The walk back feels longer this time, though the distance hasn’t changed a single inch. The rain has picked up again, turning Fifth Avenue into a river of reflections where the steel-blue sky shimmers in fractured shards on wet pavement. I watch my own footsteps leave dark prints that are already being filled by new droplets before I even lift them to place them down again. There is no permanence here, no solid ground to cling to—just the cycle of impact and replacement, moment by fleeting moment.

My hands stay in the pockets of my coat, cradling the warmth of the ceramic mug until it cools just enough to be held comfortably without burning. The heat seeped out slowly, a gradual release rather than an abrupt cold snap. It mirrors how I’ve been feeling lately: not suddenly numb, but slowly cooling down into something manageable, something that doesn’t demand immediate reaction or adjustment.
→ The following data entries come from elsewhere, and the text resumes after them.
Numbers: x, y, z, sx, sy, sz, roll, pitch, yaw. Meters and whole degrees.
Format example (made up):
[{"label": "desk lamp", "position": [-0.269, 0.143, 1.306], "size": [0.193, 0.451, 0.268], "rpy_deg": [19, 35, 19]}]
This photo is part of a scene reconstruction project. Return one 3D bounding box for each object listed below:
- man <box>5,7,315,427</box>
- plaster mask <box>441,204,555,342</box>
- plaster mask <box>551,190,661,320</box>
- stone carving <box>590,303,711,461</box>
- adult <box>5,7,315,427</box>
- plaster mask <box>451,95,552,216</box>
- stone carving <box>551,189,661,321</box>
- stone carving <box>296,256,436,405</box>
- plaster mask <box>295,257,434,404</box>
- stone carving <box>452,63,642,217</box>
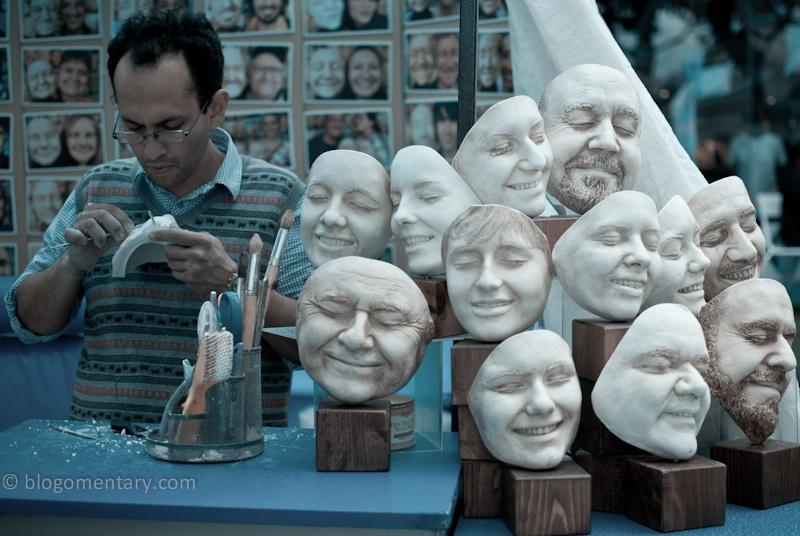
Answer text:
[{"label": "man", "position": [-0.882, -0.154, 3.948], "size": [1.099, 1.507, 0.523], "rpy_deg": [-3, 3, -4]}, {"label": "plaster mask", "position": [0.283, 0.016, 3.444], "size": [0.361, 0.422, 0.253], "rpy_deg": [-3, 4, 19]}, {"label": "plaster mask", "position": [0.690, -0.033, 3.452], "size": [0.351, 0.398, 0.269], "rpy_deg": [4, 1, -23]}, {"label": "stone carving", "position": [0.748, 0.352, 3.322], "size": [0.350, 0.435, 0.268], "rpy_deg": [17, -19, -32]}, {"label": "adult", "position": [-0.882, -0.154, 3.948], "size": [1.100, 1.507, 0.523], "rpy_deg": [-3, 3, -4]}, {"label": "plaster mask", "position": [0.378, -0.359, 3.604], "size": [0.361, 0.377, 0.237], "rpy_deg": [-17, 16, -26]}, {"label": "stone carving", "position": [0.700, -0.029, 3.460], "size": [0.347, 0.396, 0.272], "rpy_deg": [7, -3, -28]}, {"label": "stone carving", "position": [-0.123, 0.194, 3.437], "size": [0.449, 0.453, 0.275], "rpy_deg": [8, 2, 1]}, {"label": "plaster mask", "position": [-0.120, 0.193, 3.440], "size": [0.456, 0.459, 0.270], "rpy_deg": [7, 3, 2]}, {"label": "stone carving", "position": [0.446, -0.366, 3.780], "size": [0.575, 0.782, 0.505], "rpy_deg": [-2, -1, -14]}]
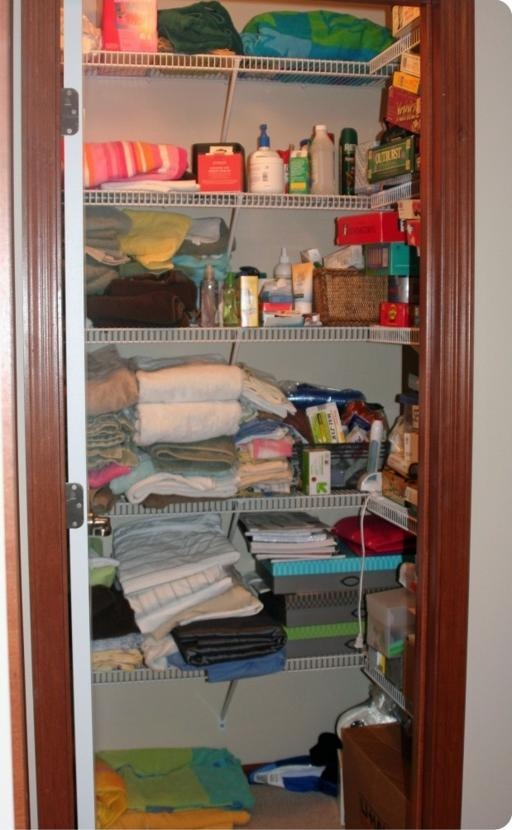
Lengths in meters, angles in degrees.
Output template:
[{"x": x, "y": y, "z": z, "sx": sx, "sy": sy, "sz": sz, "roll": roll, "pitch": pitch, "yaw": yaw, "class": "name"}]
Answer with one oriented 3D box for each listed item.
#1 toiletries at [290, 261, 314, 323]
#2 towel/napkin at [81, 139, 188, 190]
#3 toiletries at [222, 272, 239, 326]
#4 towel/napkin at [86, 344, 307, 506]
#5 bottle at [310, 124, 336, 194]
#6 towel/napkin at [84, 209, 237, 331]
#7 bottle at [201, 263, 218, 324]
[{"x": 0.122, "y": -0.310, "z": 1.842, "sx": 0.041, "sy": 0.148, "sz": 0.077, "roll": -13, "pitch": 13, "yaw": -42, "class": "toiletries"}, {"x": -0.286, "y": -0.569, "z": 1.632, "sx": 0.269, "sy": 0.127, "sz": 0.114, "roll": -9, "pitch": 10, "yaw": -40, "class": "towel/napkin"}, {"x": -0.062, "y": -0.281, "z": 1.765, "sx": 0.039, "sy": 0.139, "sz": 0.038, "roll": 3, "pitch": 18, "yaw": 12, "class": "toiletries"}, {"x": -0.143, "y": 0.000, "z": 1.643, "sx": 0.369, "sy": 0.175, "sz": 0.390, "roll": -4, "pitch": 21, "yaw": -12, "class": "towel/napkin"}, {"x": 0.167, "y": -0.640, "z": 1.816, "sx": 0.059, "sy": 0.171, "sz": 0.069, "roll": -5, "pitch": 17, "yaw": -11, "class": "bottle"}, {"x": -0.256, "y": -0.343, "z": 1.684, "sx": 0.253, "sy": 0.108, "sz": 0.343, "roll": 0, "pitch": -4, "yaw": -25, "class": "towel/napkin"}, {"x": -0.095, "y": -0.293, "z": 1.755, "sx": 0.036, "sy": 0.153, "sz": 0.036, "roll": -13, "pitch": 15, "yaw": 3, "class": "bottle"}]
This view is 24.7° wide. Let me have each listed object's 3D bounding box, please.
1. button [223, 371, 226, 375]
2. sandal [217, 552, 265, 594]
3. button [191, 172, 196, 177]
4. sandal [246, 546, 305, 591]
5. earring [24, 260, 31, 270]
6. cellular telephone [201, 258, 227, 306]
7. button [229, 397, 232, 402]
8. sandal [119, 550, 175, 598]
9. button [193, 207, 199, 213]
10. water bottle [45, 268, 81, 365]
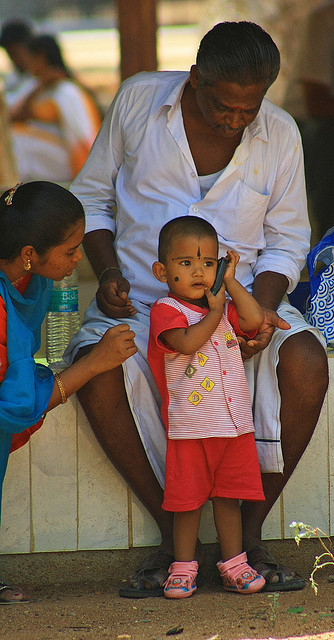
[{"bbox_3d":[0.188,0.172,2.500,0.009,0.008,0.015,1,62,-1],"label":"button"},{"bbox_3d":[0.232,0.817,2.463,0.083,0.095,0.169,-26,3,-34],"label":"sandal"},{"bbox_3d":[0.098,-0.550,2.874,0.017,0.015,0.004,-1,5,6],"label":"button"},{"bbox_3d":[0.349,0.808,2.519,0.148,0.111,0.272,0,-5,-17],"label":"sandal"},{"bbox_3d":[-0.466,-0.184,2.545,0.022,0.051,0.016,-10,43,-9],"label":"earring"},{"bbox_3d":[0.168,-0.145,2.517,0.033,0.057,0.149,9,40,11],"label":"cellular telephone"},{"bbox_3d":[0.203,0.259,2.483,0.004,0.014,0.016,-2,8,9],"label":"button"},{"bbox_3d":[-0.046,0.844,2.503,0.132,0.076,0.198,25,46,27],"label":"sandal"},{"bbox_3d":[0.104,-0.412,2.842,0.025,0.022,0.006,0,1,-24],"label":"button"},{"bbox_3d":[-0.435,-0.057,3.219,0.139,0.480,0.129,1,4,0],"label":"water bottle"}]

A delivery driver on an electric scooter weaves through the crowd, his red light blinking rhythmically against the gray gloom. He stops at a corner, checking a tablet, then accelerates with a sudden jerk of the handlebars that sends him wobbling slightly before he catches his balance. For a second, I imagine falling—if I were moving that fast, if my mind wasn’t so anchored to this slow pace—but the thought doesn’t make me want to speed up or reach out. It just feels like another note in the city’s chaotic symphony, an imperfect sound that somehow makes sense when placed next to all the others.
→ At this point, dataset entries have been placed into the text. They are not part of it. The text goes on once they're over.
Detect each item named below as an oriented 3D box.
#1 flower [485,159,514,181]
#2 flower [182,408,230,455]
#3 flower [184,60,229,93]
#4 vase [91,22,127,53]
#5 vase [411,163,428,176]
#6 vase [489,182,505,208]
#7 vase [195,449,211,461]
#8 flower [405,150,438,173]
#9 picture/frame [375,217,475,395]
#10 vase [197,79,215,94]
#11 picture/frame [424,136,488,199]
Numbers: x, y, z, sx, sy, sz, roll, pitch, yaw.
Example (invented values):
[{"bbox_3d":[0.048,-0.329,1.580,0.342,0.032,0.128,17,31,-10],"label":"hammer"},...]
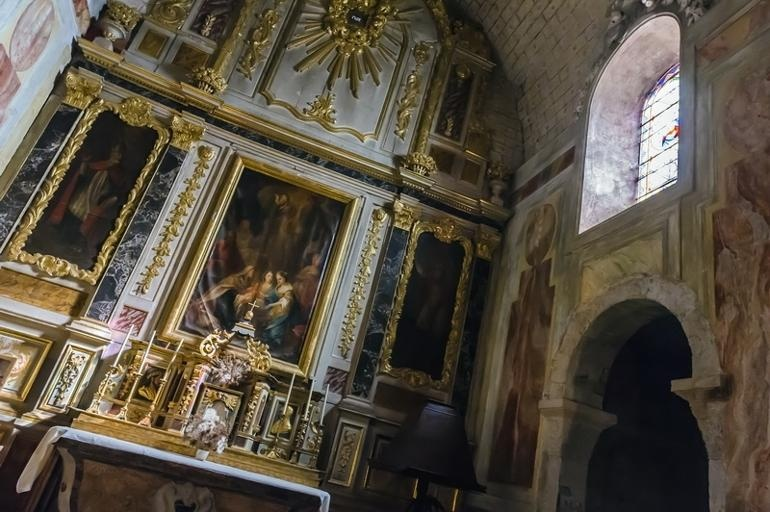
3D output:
[{"bbox_3d":[1.692,-1.288,10.785,0.321,0.216,0.314,4,11,7],"label":"flower"},{"bbox_3d":[-1.955,1.904,8.023,0.476,0.536,0.506,11,-13,-10],"label":"flower"},{"bbox_3d":[-2.404,-2.438,9.868,0.435,0.419,0.171,21,-30,-17],"label":"flower"},{"bbox_3d":[-3.725,-2.931,9.686,0.307,0.296,0.308,-36,-63,26],"label":"vase"},{"bbox_3d":[0.495,-1.229,10.431,0.152,0.138,0.189,19,-14,-19],"label":"vase"},{"bbox_3d":[1.640,-0.904,10.644,0.253,0.305,0.246,25,-33,-24],"label":"vase"},{"bbox_3d":[-1.978,2.125,7.834,0.164,0.116,0.148,2,-15,8],"label":"vase"},{"bbox_3d":[0.495,-1.364,10.470,0.362,0.266,0.083,7,-27,-24],"label":"flower"},{"bbox_3d":[0.627,0.621,10.032,1.047,2.389,0.165,17,-24,-9],"label":"picture/frame"},{"bbox_3d":[-2.426,-2.265,9.795,0.226,0.151,0.092,19,-24,-16],"label":"vase"},{"bbox_3d":[1.001,-1.288,10.718,0.885,0.612,0.088,22,-29,-16],"label":"picture/frame"}]

The gold sphere under my ribs gives a faint thrum now, almost imperceptible beneath the fabric of my shirt. It’s not urging me forward; it’s simply acknowledging my presence here, walking through the rain with wet shoes and cold fingers and a heart that beats in its own quiet time. *You’re still here,* it seems to say without words. *Still moving. Still breathing.*

I reach the corner of 34th Street where I need to turn left toward the office building. The crosswalk signal is blinking amber, warning pedestrians that the light will change soon. Usually, this triggers a rush—a need to make it before the cars surge forward—but today, I wait for the green to fully illuminate, standing still under the dripping awning of a bookstore while others hurry past me in a blur of umbrellas and scarves.

When the signal turns green, I cross slowly, letting each step find its rhythm with the traffic flow rather than fighting against it. Cars pass with a low rumble that vibrates through the soles of my shoes, but there’s no panic, no sense of being cut off or left behind. The world continues around me, vast and indifferent yet strangely accommodating to whatever pace I choose.
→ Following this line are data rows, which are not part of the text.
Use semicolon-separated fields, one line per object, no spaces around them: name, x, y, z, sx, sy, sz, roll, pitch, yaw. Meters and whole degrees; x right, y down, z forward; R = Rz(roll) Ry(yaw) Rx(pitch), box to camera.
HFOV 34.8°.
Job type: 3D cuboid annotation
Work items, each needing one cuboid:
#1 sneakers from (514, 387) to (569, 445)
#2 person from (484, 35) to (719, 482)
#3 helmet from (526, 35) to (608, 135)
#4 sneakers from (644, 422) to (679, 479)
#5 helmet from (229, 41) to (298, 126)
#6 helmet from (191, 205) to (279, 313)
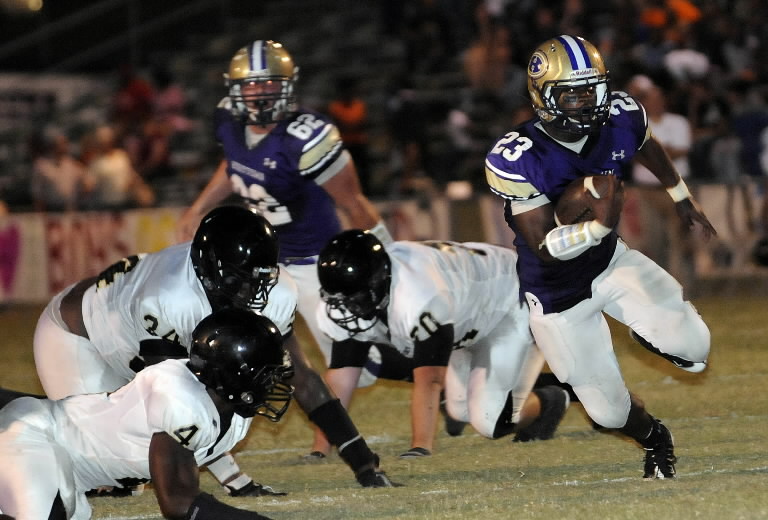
sneakers;1.029;0.983;7.797;0.284;0.145;0.365;-47;-2;-42
person;1.282;-0.060;7.375;1.139;2.613;0.900;-10;8;-3
helmet;1.087;-1.052;7.403;0.465;0.497;0.598;-17;45;-6
sneakers;1.612;1.108;7.225;0.196;0.283;0.314;-7;8;14
helmet;-0.804;-1.158;8.023;0.490;0.436;0.553;-2;13;1
helmet;-0.843;0.017;6.908;0.483;0.469;0.379;42;32;23

Inside the office building, the air conditioning hums with a familiar mechanical drone that used to feel oppressive, like a giant machine trying to force my thoughts into submission. Now it just feels like background noise, part of the structure itself—a constant reminder that buildings are made to last, designed to hold space even when people come and go in waves.

My desk is waiting, exactly as I left it yesterday: scattered papers, half-finished sentences on the screen, the faint scent of old coffee lingering near the keyboard. But looking at it now doesn’t bring dread or urgency. Instead, there’s a quiet curiosity about what comes next, not because I have to fix everything today, but because today is a chance to see where things lead if I simply let them flow without forcing them into shape prematurely.

I sit down and open my laptop, the screen glowing with pale white light against the dimness of the room. The cursor blinks patiently on an empty document, waiting for input—not demanding it, just offering the possibility. And maybe that’s enough for right now. Maybe all I need to do is start typing one small word, then another, letting the sentences form naturally rather than trying to construct them from some grand plan held in my head.

Outside the window, the rain continues its endless dance against the glass, blurring the view of the city into soft watercolors. Somewhere far away, a siren wails, rising and falling in long, mournful tones that blend with the hum of computers and the murmur of voices from other offices. It’s chaos, yes, but it’s also just life happening exactly as it always has—messy, unpredictable, beautifully out of sync yet somehow holding together perfectly anyway.

I take a deep breath, inhaling the scent of dust and electricity and fresh ink, exhaling slowly as I realize that perhaps today doesn’t need to be about achieving anything at all. Perhaps today just needs to be lived, one slow, deliberate step at a time, with the gold sphere glowing softly beneath my ribs as a silent witness to everything I’m becoming in this quiet, unfolding morning.